From the data below, copy out every line in which the word "value" occurs.

(Input data)

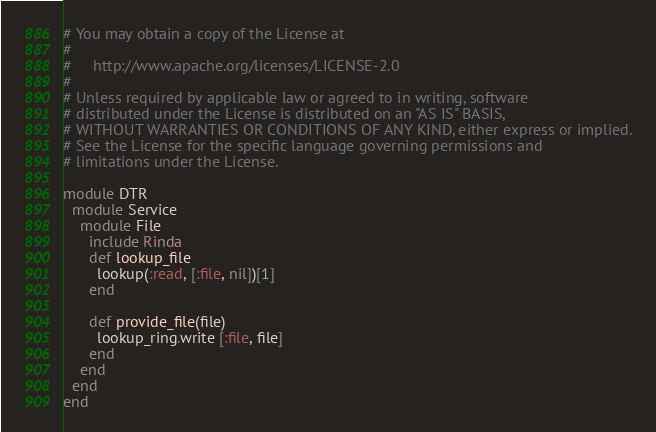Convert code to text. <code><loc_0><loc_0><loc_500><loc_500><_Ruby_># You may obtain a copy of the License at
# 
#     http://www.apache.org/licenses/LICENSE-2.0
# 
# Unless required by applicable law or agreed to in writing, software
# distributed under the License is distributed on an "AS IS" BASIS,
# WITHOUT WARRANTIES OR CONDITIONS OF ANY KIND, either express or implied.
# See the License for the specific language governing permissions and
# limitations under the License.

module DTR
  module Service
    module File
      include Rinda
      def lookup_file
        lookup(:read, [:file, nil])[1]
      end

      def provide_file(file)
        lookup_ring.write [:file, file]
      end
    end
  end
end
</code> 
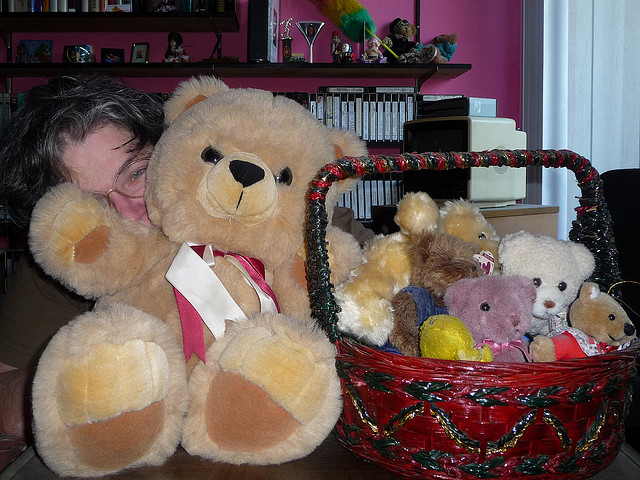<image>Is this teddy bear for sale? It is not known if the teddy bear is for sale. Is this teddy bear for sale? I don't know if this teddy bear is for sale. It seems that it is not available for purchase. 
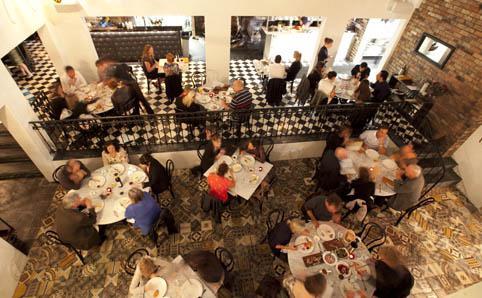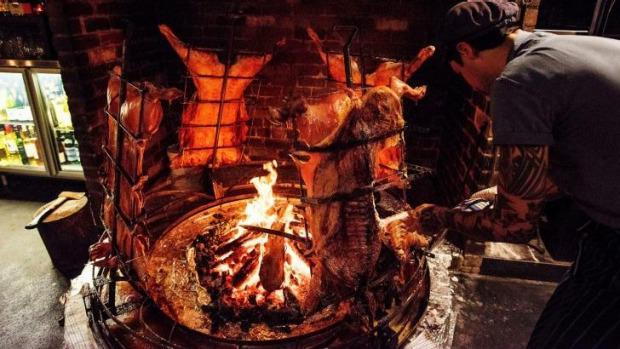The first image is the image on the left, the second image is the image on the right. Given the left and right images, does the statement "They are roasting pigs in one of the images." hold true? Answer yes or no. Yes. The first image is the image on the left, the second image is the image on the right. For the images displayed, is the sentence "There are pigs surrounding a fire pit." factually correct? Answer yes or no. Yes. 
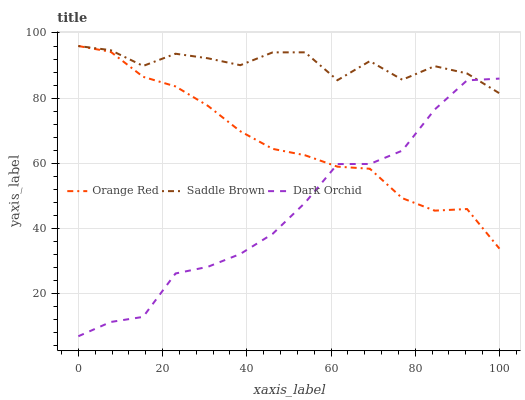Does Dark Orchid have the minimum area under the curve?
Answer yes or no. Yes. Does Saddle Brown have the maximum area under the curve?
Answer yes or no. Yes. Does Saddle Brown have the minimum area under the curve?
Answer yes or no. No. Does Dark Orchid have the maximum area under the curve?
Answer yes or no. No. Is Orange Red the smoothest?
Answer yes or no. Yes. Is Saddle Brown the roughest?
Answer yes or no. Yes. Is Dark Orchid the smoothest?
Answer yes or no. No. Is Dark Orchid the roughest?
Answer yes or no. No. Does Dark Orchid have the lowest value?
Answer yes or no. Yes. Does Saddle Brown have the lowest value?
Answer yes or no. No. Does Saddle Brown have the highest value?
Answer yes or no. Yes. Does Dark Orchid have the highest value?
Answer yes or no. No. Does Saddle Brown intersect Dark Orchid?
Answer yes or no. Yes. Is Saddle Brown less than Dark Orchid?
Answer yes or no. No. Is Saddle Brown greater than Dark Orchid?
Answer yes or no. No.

(End Input data)

● **Your solution**
Answer yes or no. No. Does Dark Orchid have the lowest value?
Answer yes or no. Yes. Does Saddle Brown have the lowest value?
Answer yes or no. No. Does Saddle Brown have the highest value?
Answer yes or no. Yes. Does Dark Orchid have the highest value?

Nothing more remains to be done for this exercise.